Now let's map the Amiga's hardware architecture directly to Skill Creator's source code. Every chip has a corresponding set of TypeScript modules:
┌──────────────────────────────────────────────────────────────────────┐
│ SKILL CREATOR CHIPSET │
│ │
│ ┌───────────────────┐ ┌───────────────────────────────────────┐ │
│ │ AGNUS │ │ GARY │ │
│ │ Context / Budget │ │ Routing / Registry / Bus │ │
│ │ │ │ │ │
│ │ budget-profiles.ts│◄──┤ agent-registry.ts (14 agents, 5 teams)│ │
│ │ budget-stage.ts │ │ message-envelope.ts (EventEnvelope) │ │
│ │ skill-session.ts │ │ routing-table (11 event types) │ │
│ │ token-counter.ts │ │ chipset.yaml (per-pack config) │ │
│ └────────┬───────────┘ └──────────┬────────────────────────────┘ │
│ │ │ │
│ ▼ ▼ │
│ ┌───────────────────┐ ┌───────────────────────────────────────┐ │
│ │ DENISE │ │ PAULA │ │
│ │ Output Generation │ │ I/O, Triggers, Offload │ │
│ │ │ │ │ │
│ │ skill-pipeline.ts │ │ Bus loops (filesystem) │ │
│ │ skill-applicator │ │ File-change triggers (*.pid, *.calc) │ │
│ │ activation-scorer │ │ Offload engine (child processes) │ │
│ │ llm-analyzer.ts │ │ MCP server integration │ │
│ └────────────────────┘ └───────────────────────────────────────┘ │
│ │
│ ┌──────────────────────────────────────────────────────────────┐ │
│ │ EXEC KERNEL │ │
│ │ Prioritized round-robin · 4 priority tiers · burst mode │ │
│ │ Pipeline List execution · Phase transition coordination │ │
│ └──────────────────────────────────────────────────────────────┘ │
└──────────────────────────────────────────────────────────────────────┘
This is the section where the hardware parallels become engineering constraints. If you've worked with embedded systems, resource-constrained environments, or early Unix timesharing, this will feel familiar.

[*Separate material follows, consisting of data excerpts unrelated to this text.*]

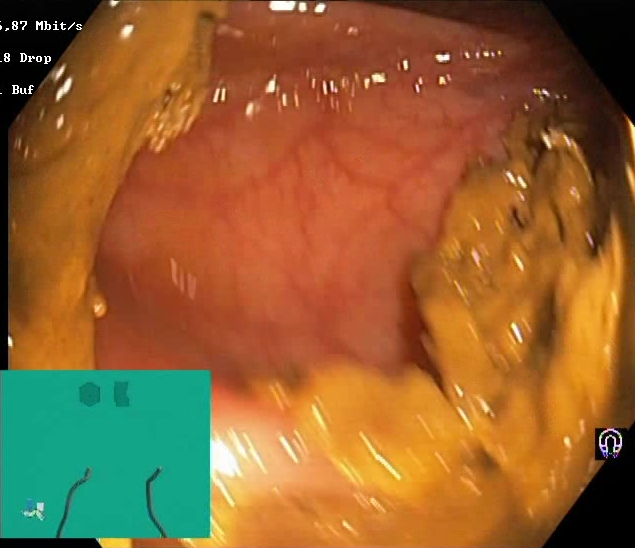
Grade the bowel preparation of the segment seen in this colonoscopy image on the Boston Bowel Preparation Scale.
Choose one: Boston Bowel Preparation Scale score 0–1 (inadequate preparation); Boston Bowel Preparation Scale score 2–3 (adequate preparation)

Boston Bowel Preparation Scale score 0–1 (inadequate preparation)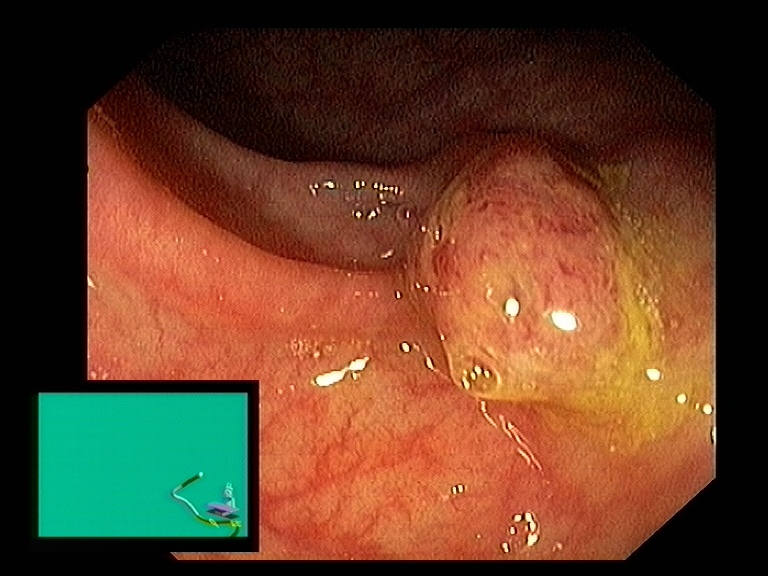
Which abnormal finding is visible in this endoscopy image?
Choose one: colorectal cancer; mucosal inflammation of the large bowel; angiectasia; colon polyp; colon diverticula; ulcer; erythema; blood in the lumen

colon polyp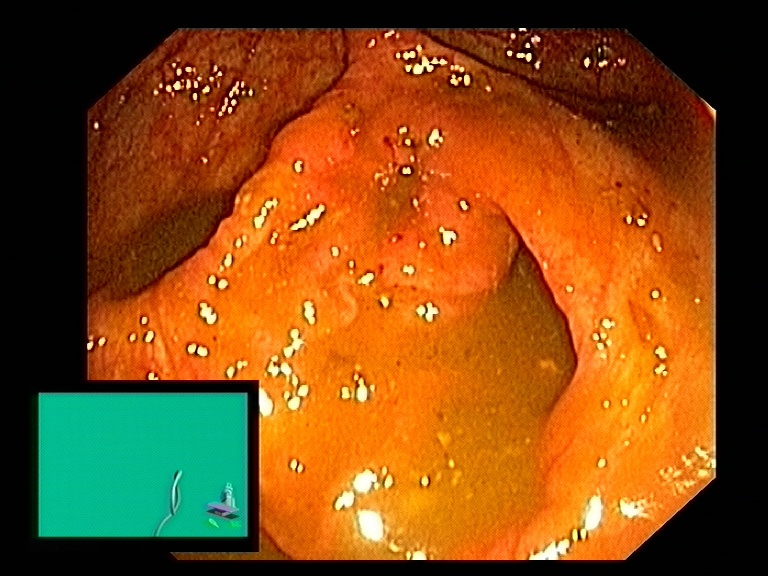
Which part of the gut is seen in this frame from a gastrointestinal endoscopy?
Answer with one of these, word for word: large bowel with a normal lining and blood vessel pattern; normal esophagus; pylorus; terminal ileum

large bowel with a normal lining and blood vessel pattern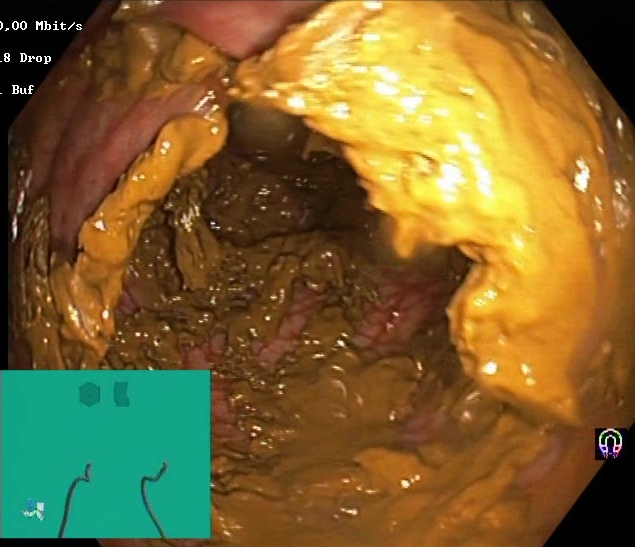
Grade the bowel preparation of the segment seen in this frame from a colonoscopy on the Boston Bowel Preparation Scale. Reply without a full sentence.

Boston Bowel Preparation Scale score 0–1 (inadequate preparation)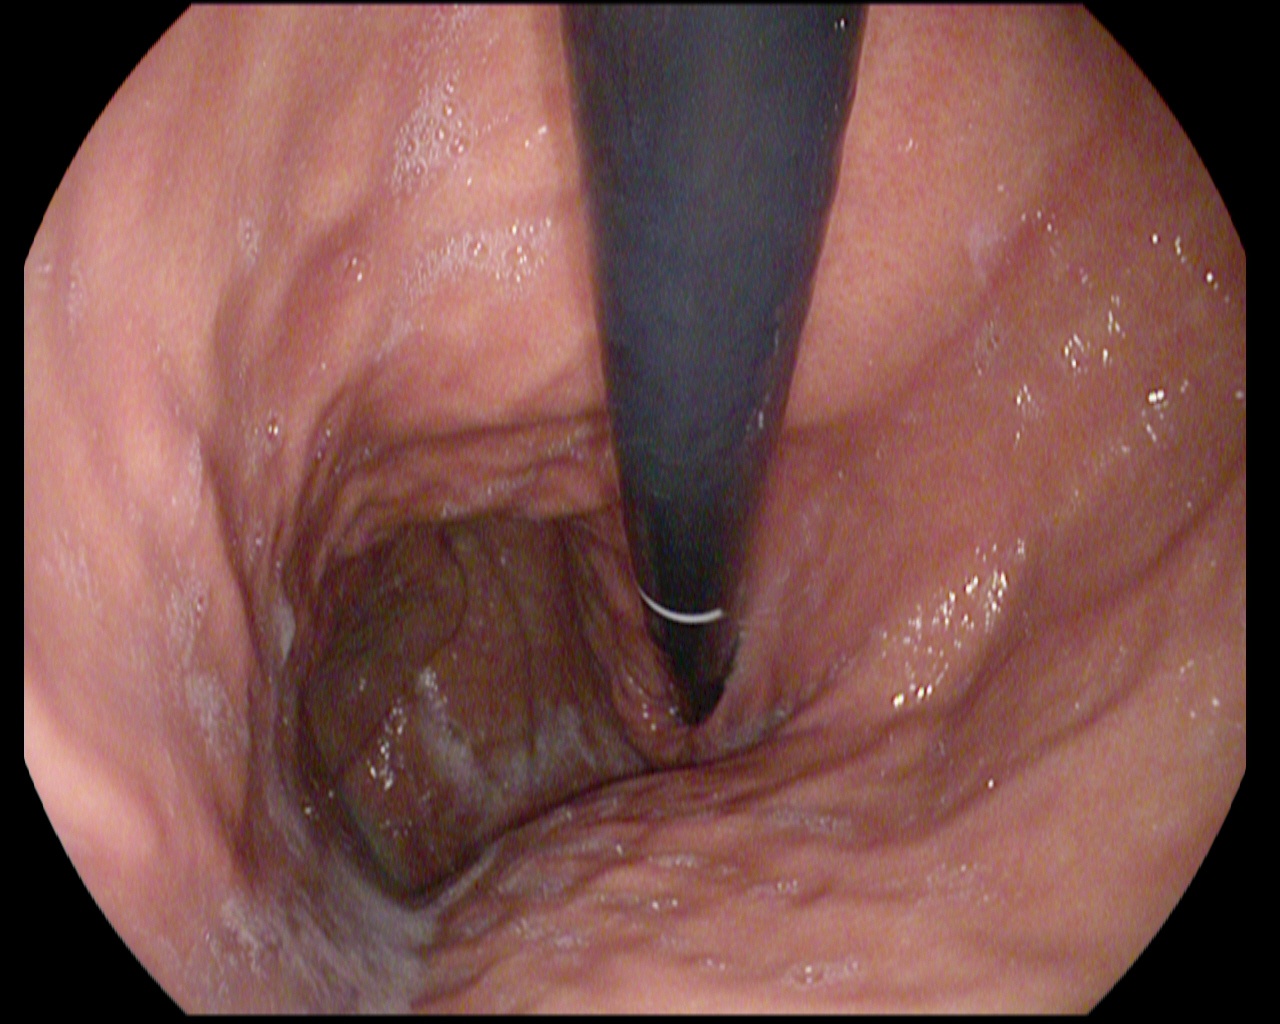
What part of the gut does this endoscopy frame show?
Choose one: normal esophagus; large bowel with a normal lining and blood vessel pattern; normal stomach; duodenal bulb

normal stomach

Claude's context window is 200,000 tokens. That sounds like a lot, but by the time you subtract the system prompt, conversation history, tool definitions, and user files, the usable space for skills is a small fraction. The default budget in src/types/application.ts tells the story:
export const DEFAULT_CONFIG: ApplicationConfig = {
contextWindowSize: 200_000, // Total context window
budgetPercent: 0.03, // Skills get 3% = 6,000 tokens
relevanceThreshold: 0.1, // Minimum relevance score to load
maxSkillsPerSession: 5, // Hard cap on simultaneous skills
};
6,000 tokens for skills. That's your working memory. It's roughly equivalent to what the Amiga had in Chip RAM — enough to do extraordinary things if you manage it well, and enough to crash immediately if you don't.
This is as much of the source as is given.